E guardandomi attorno mi sembra di non essere il solo.
Succede che appena saputo della scomparsa e poi dell’orribile fine ad Avetrana della giovane Sarah Scazzi strangolata, almeno a quanto risulta sino a poco fa secondo il reo confesso omicida e anche sporcaccione zio Michele Misseri, ho cominciato a sentirmi dentro come bombardato da tutto quanto Gabriella era solita dirmi o scrivere nei suoi articoli.
Ma vuoi vedere che anche stavolta… Ma vuoi vedere che ha davvero ragione l’avvocato Paolo Franceschetti quando dice che Gabriella ha aperto la sola strada su cui tocca addentrarsi se ci si vuole capire qualcosa…
Insomma l’orribile realtà confessata dallo zio e che se pur raccapricciante aveva in qualche modo subito soddisfatto inquirenti, parenti, compaesani, amici e lettori, e saziato le fantasie più accese e anche quelle – diciamolo pure – un po’ deviate, non mi convinceva. Era come se nel percorrere questa storia avessi d’improvviso inforcato gli “occhiali” di Gabriella; e quindi, animato da quello che in lei sempre appariva a tutta prima solo spirito di contraddizione e di protagonismo, ecco che ho iniziato ad addentrarmi nell’antro misterioso dei misfatti dove, ad un segnale convenuto, si infilano e riuniscono sbucando furtivi dalla notte cupa dei loro cuori, quanti si cibano delle fragilità altrui.
E più si dispiegava sui giornali e alla tv, chiara, orribile, ma appagante, la realtà dei fatti, più era apparsa banalmente convincente la dinamica del loro svolgimento. Insomma lo stesso zio si autoaccusava di tutto e indicava tutto, e quindi?
Perfetto, evviva, il caso è risolto! Soddisfazione degli inquirenti e libero sfogo allo sdegno di ciascuno. E quindi fiori, discorsi, buoni propositi, monumenti…
Poi la nuova svolta che ti scombina le carte: Sabrina Messeri pare coinvolta nel delitto e poi sembra anche la madre Concetta Serrano Spagnolo, e poi… chissà!
E in questo momento per tutti consolatorio ma anche di commiserazione, di autoanalisi e di confessione intima dei più svariati sensi di colpa, allorché ciascuno nel dire una preghiera per la povera ragazzina si dilungava in considerazioni sulla società malata, sulle realtà dei borghi, sui giovani precoci, sulle devianze sessuali, eccetera, ecco che io sento una risata echeggiare sempre più forte o come si suole più espressivamente dire, sinistra, agghiacciante, proveniente dalle profondità di quell’antro dove il capo dei mostri ha svolto la sua ennesima riunione.

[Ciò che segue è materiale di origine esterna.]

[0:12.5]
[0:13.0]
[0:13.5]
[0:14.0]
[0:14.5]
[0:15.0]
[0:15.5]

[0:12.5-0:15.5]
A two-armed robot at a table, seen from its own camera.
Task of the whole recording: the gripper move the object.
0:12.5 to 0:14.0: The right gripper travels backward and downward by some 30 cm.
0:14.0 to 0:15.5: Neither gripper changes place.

Una risata che iniziata con un ritmo lugubre e basso, ora è arrivata a far andare in pezzi il diapason che non riesce a darle una misura tanto è urlata, irriverente, ardita, provocatoria.

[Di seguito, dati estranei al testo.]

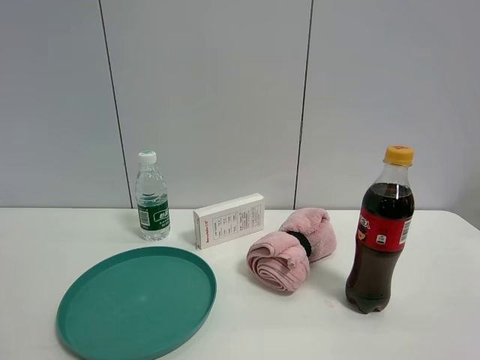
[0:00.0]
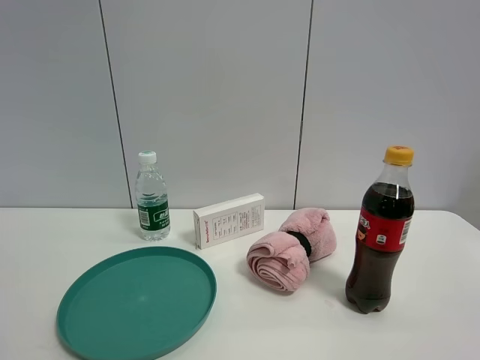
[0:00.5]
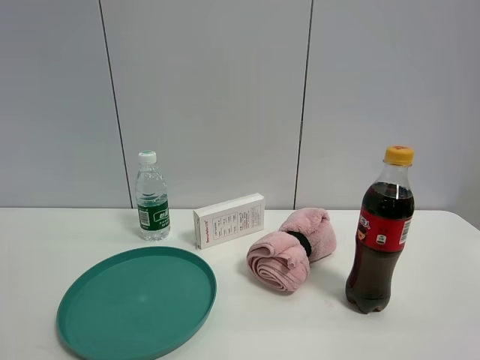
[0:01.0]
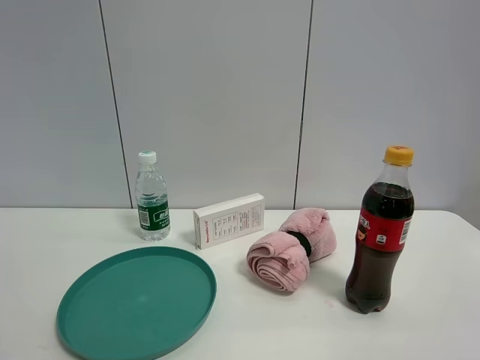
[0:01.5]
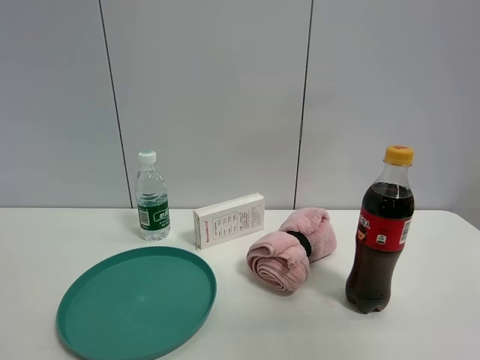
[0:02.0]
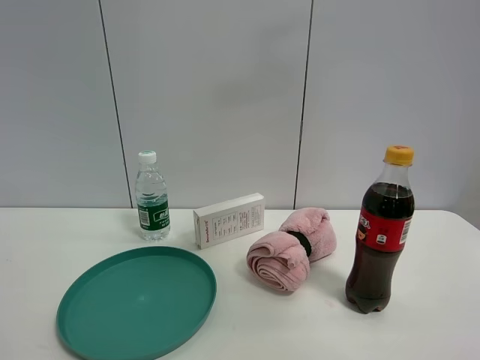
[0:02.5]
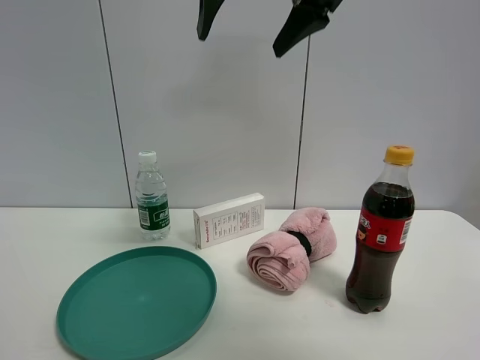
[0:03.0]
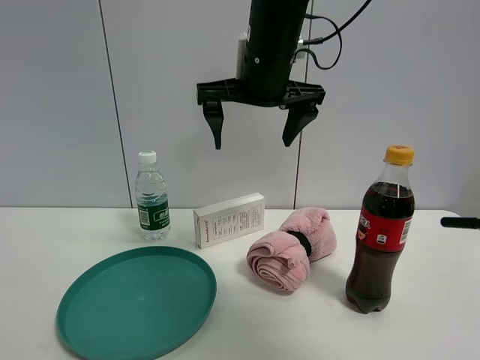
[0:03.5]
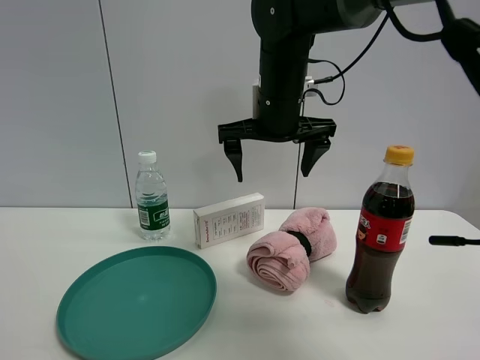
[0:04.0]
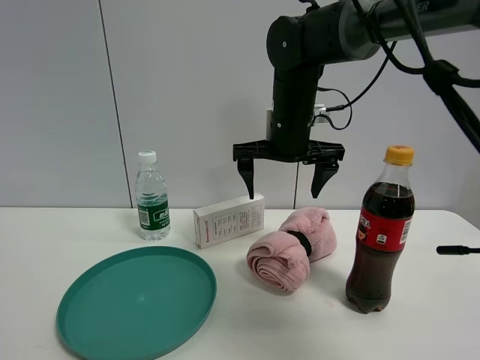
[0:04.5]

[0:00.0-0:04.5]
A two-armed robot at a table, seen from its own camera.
Task of the whole recording: the gripper move the object.
0:00.0 to 0:02.0: The right gripper shifts approximately 15 cm upward and forward.
0:02.0 to 0:04.5: The right gripper shifts approximately 40 cm forward, downward and to the left.

Ed eccomi ad individuare nella notte squarciata da questa risata, munito sempre degli occhiali di Gabriella, quelli che lei chiamava gli “ingredienti” da “apparecchiare” per i “commensali”; eufemismi ben appropriati, infatti questi che servono per allestire il pasto di chi sta ridendo.
Ne vogliamo elencare qualcuno? Proviamo?
Ecco alcuni degli “ingredienti”: la ragazza (meglio se assai giovane per soddisfare particolari gusti), le pulsioni sessuali (deviate, inconfessabili), i segreti familiari (gelosie, l’onore), i misteri paesani, l’ingenuità che finisce (è un dato che stuzzica conoscere) e la voglia di scoperta dei ragazzi a quell’età, la presenza di testimoni di Geova (non è la prima volta che tale nome fa capolino) che dà quel tocco di originalità che ci deve essere sempre nel caso di specie, e poi continuate voi.
E quindi ora vediamo dove “apparecchiare”: la scelta qui è vastissima, ma a molti mostri che emergono dalla notte dei tempi piace sconvolgere i nostri borghi, tranquilli per antonomasia, con un contorno sempre uguale, familiari, amici, ambienti di frequentazione dall’apparenza normale, con le debite variazioni comuni a tutti noi. E’ come se trovassero intatte nei millenni le speciali atmosfere di sempre. Gli italiani poi sono da sempre degli ottimi conservatori e restauratori di tutto.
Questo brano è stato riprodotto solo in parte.